Luke 18:9-14 NIV (New International Version)
To some who were confident of their own righteousness and looked down on everybody else, Jesus told this parable:
"Two men went up to the temple to pray, one a Pharisee and the other a tax collector. The Pharisee stood up and prayed about himself: 'God, I thank you that I am not like other men—robbers, evildoers, adulterers—or even like this tax collector. I fast twice a week and give a tenth of all I get.'
"But the tax collector stood at a distance. He would not even look up to heaven, but beat his breast and said, 'God, have mercy on me, a sinner.' "I tell you that this man, rather than the other, went home justified before God. For everyone who exalts himself will be humbled, and he who humbles himself will be exalted."

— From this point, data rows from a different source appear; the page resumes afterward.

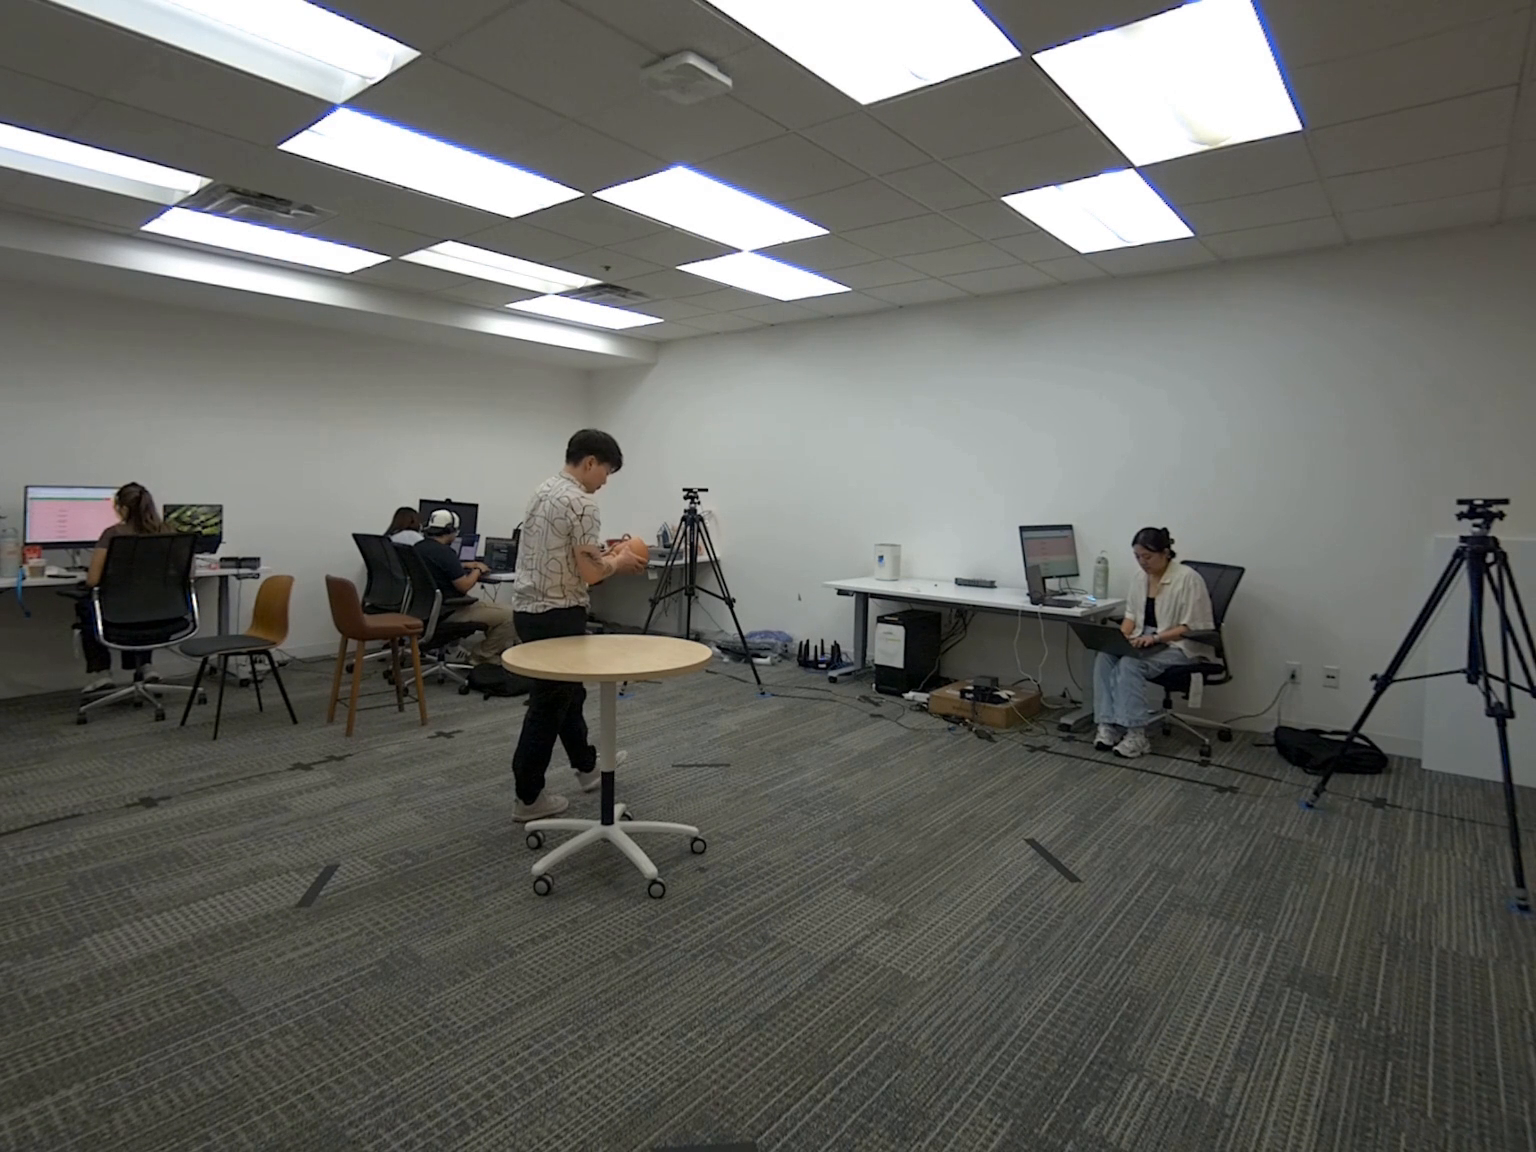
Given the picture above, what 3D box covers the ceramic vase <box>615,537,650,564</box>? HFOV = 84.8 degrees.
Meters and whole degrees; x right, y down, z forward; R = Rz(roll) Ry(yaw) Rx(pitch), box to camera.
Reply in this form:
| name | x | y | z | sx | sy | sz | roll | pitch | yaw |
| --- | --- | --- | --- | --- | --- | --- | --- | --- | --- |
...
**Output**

The Parable of the Phari-Sing and the Probably-Can
(Loosely based on) Luke 18:9-14 and I Corinthians 13:1
To some who were confident of their own artistic pedigree and overall superiority in all things artsy-fartsy and who looked down on everybody else, a parable was told: “Two men went up to the temple to sing, one an arrogant musician and the other a simple mirth-maker. The Phari-sing stood up and prayed about himself:
'God (actually GAWD), I thank thee that I am not like other people—you know, the little people, the “no-counts,” the ones I must endure sitting next to in choir—those of untrained ear, those whose vowels bespeak a dialect formed in southern Georgia or, perhaps, Arkansas; men and women who mistake a Coda for a common illness and a crescendo for a large butter roll; those of squeaky voice, shallow air supply and ill-placed diphthongs—or even like this lowly choir wannabe, who sings through the repeat signs and believes fine is an editorial comment on his performance thus far.
Unlike him, I attend every rehearsal (including the monthly fellowship meals), arrive having vocalized in my car for the twenty minute drive to church, then carefully arrange my music in its proper order, scan any new music or worship materials for repeats, alternate endings, editor’s comments or anything else which might give me a “leg up” when the actual rehearsal begins. I remain properly hydrated throughout the entire rehearsal or worship service, keep my sharpened number two pencil at the ready and vigorously mark my score as directed by the conductor, making sure to press lightly in the unlikely, but occasional, event of his changing his mind.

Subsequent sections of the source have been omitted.